En France, l’épidémie de grippe débute généralement vers la fin décembre et touche 2 à 8 millions de personnes, provoquant jusqu’à 6 000 décès. Les virus circulants se divisent en deux types principaux, eux-mêmes divisés en sous-types ou lignées : les virus de type A existent chez de nombreuses espèces animales, les virus de type B touchent principalement l’homme. Chaque hiver, les deux types de grippe circulent en même temps, dans des proportions variables selon les années.
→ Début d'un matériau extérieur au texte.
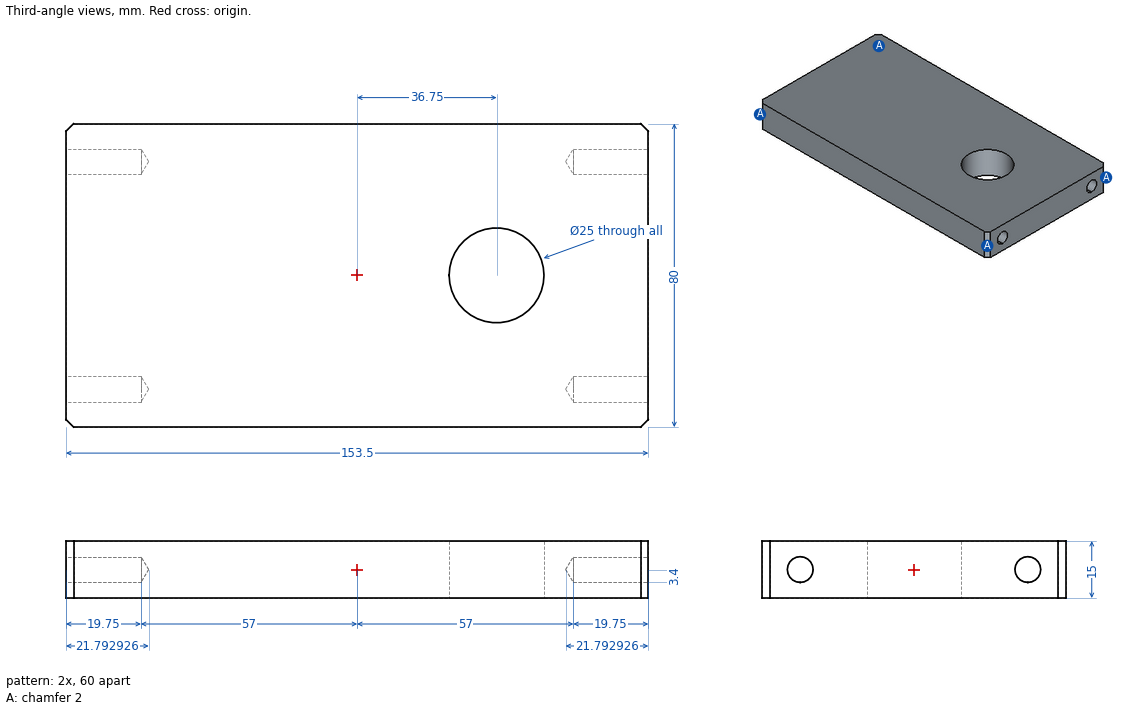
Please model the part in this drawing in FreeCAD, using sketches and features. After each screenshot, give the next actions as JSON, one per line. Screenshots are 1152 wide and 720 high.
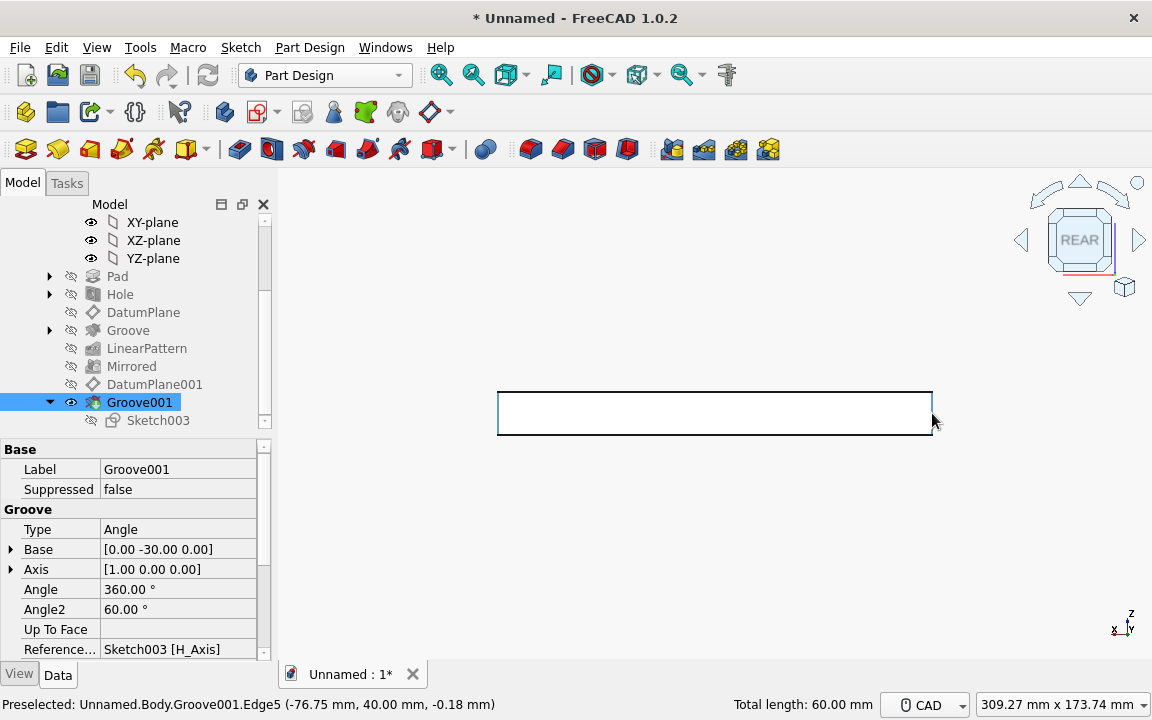
{"action": "left_click", "coordinate": [564, 150]}

Mais si l’on sait approximativement quelle souche domine à quel moment de l’épidémie, « nous n’avons pas les chiffres exacts des décès liés à une lignée particulière », explique Mustapha Si-Tahar, directeur du Centre d’étude des pathologies respiratoires à l’Inserm (Institut national de la santé et de la recherche médicale).
Parmi les virus grippaux de type B, deux lignées coexistent, nommées B/Yamagata et B/Victoria. « Certaines années en France, la souche B/Yamagata circulait plus que la ligne B/Victoria», indique Olivier Terrier, directeur de recherche au CNRS. Et pourtant, déjà en déclin avant la pandémie de Covid, elle semble désormais avoir totalement disparu grâce aux restrictions sanitaires comme le confinement, le port du masque ou encore la distanciation sociale.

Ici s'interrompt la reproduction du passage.